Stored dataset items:
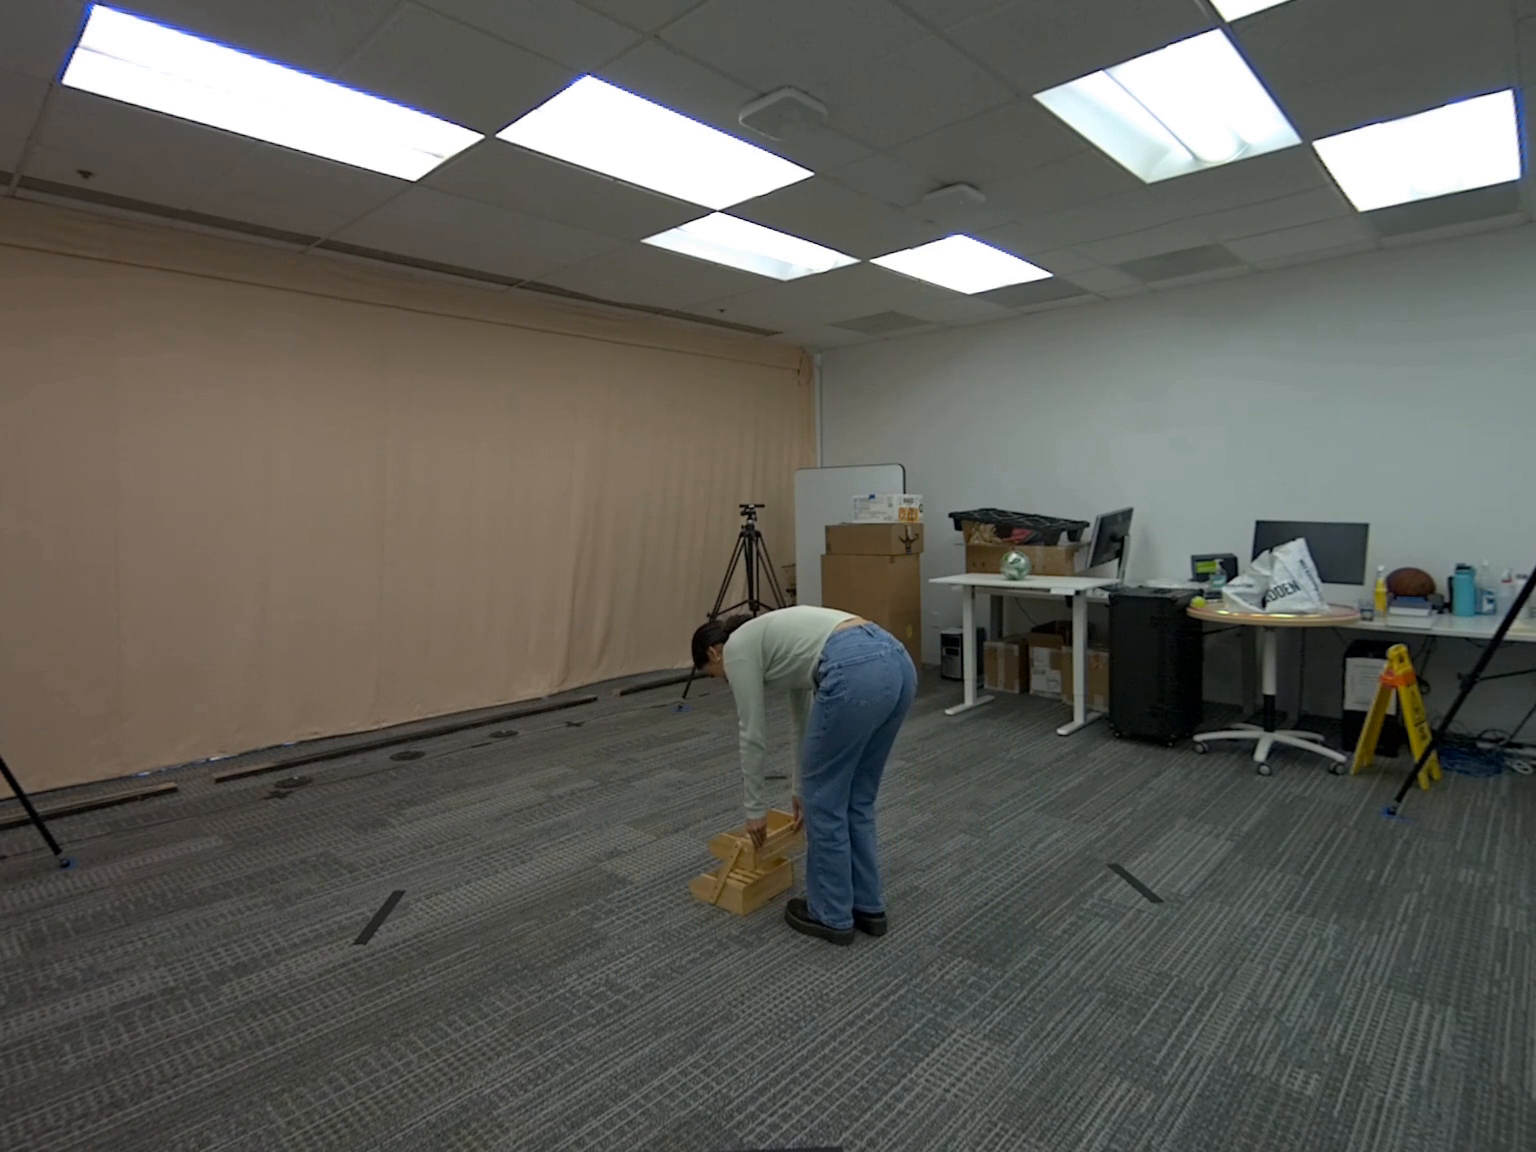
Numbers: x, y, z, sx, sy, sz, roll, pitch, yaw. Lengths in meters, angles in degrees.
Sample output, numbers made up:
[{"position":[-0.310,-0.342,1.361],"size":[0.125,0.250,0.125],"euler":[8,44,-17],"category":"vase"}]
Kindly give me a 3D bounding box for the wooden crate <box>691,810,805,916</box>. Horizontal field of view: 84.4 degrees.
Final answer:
[{"position":[-0.075,1.003,3.022],"size":[0.312,0.272,0.315],"euler":[3,6,38],"category":"wooden crate"}]

* _WHAT YOU SHOULD DO_
Whichever lines of the records above hold the word "degrees" should all be copied out.

* _TASK SOLUTION_
Numbers: x, y, z, sx, sy, sz, roll, pitch, yaw. Lengths in meters, angles in degrees.
Kindly give me a 3D bounding box for the wooden crate <box>691,810,805,916</box>. Horizontal field of view: 84.4 degrees.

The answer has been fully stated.